EXERCISE DESCRIPTION: Report every line of the data that includes "analysis".
[RECORDED INFORMATION]
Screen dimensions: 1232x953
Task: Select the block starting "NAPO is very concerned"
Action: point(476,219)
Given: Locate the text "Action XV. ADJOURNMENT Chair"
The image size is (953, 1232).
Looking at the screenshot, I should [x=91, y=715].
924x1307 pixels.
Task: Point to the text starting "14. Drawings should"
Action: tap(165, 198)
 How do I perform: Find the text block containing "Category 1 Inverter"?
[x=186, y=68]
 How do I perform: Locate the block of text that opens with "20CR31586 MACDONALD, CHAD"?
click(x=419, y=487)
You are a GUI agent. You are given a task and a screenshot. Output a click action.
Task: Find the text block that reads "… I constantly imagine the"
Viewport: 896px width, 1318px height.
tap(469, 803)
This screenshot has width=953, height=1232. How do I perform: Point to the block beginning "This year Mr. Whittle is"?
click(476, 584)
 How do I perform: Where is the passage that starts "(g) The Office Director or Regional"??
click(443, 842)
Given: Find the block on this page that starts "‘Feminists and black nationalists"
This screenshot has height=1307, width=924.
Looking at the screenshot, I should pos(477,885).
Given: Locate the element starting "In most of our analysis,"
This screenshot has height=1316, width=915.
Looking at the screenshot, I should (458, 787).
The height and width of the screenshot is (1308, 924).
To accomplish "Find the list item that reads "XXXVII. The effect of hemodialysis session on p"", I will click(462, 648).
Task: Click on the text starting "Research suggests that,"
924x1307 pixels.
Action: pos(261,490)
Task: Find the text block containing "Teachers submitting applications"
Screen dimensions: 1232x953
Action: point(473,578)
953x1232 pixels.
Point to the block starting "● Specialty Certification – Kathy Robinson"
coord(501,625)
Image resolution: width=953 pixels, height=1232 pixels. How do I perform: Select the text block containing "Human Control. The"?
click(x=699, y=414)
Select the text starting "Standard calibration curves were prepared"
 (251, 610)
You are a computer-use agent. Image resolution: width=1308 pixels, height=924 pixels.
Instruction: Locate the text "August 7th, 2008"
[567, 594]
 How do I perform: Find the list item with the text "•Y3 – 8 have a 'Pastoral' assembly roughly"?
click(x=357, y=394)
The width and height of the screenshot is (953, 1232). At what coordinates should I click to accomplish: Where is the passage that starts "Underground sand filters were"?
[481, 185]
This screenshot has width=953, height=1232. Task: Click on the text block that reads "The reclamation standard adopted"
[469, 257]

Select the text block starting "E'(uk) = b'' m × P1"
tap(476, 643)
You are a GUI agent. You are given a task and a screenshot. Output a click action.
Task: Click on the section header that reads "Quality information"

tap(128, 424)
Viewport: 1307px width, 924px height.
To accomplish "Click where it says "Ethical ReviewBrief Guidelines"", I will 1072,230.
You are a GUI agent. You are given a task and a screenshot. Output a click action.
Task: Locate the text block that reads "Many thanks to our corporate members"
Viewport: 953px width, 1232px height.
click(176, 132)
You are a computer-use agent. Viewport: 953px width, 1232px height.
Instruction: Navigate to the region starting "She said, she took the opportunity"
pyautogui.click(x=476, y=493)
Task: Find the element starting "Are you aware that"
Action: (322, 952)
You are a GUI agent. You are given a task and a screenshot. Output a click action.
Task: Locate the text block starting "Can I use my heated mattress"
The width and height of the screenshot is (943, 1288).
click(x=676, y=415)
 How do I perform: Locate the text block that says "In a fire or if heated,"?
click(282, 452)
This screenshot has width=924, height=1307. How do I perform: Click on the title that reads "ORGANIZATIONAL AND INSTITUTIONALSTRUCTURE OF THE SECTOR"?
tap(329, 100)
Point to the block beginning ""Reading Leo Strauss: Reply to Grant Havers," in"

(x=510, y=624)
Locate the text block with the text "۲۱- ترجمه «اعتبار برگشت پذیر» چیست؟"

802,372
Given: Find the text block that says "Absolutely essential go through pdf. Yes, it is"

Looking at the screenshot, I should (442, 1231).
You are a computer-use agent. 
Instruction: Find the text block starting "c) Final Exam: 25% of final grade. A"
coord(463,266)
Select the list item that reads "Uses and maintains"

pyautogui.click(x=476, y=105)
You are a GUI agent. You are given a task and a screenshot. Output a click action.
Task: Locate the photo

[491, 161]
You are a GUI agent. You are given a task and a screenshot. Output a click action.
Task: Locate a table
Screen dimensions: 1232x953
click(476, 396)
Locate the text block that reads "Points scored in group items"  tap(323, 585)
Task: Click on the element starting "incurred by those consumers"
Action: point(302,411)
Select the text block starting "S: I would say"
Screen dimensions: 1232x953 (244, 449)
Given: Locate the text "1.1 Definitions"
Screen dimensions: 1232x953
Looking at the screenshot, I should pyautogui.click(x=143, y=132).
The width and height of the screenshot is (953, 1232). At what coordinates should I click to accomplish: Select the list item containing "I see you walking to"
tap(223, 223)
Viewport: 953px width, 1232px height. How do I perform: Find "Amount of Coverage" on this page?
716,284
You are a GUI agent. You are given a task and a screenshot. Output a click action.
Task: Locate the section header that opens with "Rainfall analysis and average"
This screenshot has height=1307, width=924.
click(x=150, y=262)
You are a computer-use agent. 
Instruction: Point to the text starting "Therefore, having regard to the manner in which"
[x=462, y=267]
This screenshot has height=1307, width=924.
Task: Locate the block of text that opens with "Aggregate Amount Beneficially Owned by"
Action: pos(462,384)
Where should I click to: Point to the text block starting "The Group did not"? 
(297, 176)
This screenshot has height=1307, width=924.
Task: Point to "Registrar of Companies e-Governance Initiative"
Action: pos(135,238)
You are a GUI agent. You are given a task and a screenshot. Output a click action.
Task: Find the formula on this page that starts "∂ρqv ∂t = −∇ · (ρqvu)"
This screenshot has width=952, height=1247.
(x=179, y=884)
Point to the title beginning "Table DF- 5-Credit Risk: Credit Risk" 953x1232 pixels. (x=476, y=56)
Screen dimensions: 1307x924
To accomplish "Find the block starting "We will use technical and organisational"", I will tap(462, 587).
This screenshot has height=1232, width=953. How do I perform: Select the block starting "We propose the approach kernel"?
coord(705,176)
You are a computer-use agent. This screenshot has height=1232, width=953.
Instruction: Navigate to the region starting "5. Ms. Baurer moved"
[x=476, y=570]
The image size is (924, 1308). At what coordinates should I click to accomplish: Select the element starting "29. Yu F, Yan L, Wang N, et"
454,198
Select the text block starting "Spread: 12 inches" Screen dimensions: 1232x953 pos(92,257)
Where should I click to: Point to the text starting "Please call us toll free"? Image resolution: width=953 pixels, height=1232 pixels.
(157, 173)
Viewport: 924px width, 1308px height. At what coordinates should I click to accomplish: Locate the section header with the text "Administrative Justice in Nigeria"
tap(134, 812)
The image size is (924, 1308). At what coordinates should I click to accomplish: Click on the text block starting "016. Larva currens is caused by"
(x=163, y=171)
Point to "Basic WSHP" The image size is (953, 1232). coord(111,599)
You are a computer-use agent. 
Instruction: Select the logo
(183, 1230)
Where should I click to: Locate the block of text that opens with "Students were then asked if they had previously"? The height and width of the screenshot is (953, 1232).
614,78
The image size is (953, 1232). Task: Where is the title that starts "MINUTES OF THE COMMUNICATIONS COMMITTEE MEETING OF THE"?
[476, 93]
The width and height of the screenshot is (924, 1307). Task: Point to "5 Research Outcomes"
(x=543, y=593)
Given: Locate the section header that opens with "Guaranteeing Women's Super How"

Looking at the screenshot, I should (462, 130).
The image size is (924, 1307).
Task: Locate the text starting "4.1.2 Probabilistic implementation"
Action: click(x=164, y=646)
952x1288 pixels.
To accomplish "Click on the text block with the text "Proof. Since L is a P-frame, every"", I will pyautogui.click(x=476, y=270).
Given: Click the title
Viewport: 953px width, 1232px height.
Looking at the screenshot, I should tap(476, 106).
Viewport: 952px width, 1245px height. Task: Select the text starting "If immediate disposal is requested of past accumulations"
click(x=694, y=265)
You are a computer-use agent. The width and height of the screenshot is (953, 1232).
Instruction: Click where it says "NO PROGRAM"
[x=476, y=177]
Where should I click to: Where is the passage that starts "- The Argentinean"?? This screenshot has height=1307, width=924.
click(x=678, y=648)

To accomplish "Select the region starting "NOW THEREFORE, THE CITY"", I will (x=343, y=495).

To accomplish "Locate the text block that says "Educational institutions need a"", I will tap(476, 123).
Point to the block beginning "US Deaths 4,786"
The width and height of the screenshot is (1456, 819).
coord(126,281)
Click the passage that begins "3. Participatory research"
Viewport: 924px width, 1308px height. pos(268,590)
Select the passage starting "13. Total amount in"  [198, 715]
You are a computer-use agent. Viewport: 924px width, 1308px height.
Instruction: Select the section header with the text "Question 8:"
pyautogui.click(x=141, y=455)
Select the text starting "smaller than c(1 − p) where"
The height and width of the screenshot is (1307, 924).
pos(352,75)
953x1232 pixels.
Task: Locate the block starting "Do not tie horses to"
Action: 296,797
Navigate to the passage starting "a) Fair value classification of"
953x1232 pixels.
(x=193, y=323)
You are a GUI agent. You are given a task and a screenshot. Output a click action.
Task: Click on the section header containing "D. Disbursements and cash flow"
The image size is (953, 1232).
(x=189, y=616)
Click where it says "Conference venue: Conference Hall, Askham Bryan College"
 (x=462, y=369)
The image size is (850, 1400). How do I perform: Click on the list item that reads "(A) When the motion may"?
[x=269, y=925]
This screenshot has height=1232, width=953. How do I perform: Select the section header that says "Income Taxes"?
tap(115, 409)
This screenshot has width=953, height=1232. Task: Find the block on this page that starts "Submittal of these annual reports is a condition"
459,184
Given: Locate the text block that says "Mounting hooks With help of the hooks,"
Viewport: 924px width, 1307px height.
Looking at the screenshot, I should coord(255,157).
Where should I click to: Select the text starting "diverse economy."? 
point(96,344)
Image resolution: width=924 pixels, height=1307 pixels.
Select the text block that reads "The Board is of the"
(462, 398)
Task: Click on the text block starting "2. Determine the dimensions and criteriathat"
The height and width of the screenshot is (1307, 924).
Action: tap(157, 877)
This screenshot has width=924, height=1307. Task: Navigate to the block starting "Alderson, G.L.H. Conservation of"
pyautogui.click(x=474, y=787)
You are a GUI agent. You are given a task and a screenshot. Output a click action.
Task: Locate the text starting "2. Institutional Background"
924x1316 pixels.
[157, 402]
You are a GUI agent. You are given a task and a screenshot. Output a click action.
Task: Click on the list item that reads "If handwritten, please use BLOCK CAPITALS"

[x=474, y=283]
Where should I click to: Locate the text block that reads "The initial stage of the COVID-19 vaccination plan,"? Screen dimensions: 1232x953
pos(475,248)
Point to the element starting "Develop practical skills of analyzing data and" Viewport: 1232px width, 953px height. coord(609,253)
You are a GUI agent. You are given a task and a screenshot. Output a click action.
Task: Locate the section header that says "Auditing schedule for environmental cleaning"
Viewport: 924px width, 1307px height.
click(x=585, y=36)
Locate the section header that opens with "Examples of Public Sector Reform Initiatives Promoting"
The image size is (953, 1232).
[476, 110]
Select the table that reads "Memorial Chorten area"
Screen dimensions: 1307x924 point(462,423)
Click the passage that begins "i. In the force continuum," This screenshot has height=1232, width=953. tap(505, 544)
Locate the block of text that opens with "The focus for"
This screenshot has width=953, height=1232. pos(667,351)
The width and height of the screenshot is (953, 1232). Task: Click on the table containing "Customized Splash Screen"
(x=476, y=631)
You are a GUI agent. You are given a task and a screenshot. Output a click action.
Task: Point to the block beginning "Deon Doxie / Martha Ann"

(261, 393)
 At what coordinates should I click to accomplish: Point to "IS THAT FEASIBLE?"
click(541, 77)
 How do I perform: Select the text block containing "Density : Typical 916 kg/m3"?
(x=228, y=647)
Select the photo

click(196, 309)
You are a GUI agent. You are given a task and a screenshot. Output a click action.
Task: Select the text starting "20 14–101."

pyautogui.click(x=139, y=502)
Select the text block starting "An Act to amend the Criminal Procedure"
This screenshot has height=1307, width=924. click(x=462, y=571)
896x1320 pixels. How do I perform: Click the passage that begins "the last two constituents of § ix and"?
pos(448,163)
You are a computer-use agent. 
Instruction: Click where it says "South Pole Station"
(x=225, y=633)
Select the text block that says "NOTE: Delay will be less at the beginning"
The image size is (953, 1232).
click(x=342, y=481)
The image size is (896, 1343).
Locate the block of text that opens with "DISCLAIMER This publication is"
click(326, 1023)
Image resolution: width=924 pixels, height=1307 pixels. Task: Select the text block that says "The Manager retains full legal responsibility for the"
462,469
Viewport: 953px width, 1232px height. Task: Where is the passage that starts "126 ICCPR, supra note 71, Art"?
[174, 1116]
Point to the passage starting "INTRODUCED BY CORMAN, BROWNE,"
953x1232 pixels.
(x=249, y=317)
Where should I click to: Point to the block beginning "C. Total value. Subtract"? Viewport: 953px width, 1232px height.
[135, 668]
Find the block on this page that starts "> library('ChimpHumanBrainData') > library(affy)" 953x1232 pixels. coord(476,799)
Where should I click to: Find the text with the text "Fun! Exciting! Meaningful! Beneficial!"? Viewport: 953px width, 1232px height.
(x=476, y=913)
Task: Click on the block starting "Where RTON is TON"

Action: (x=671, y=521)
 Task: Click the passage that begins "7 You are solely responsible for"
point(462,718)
[/RECORDED INFORMATION]
EXERCISE ANSWER:
Given: Locate the element starting "In most of our analysis,"
Task: Locate the section header that opens with "Rainfall analysis and average"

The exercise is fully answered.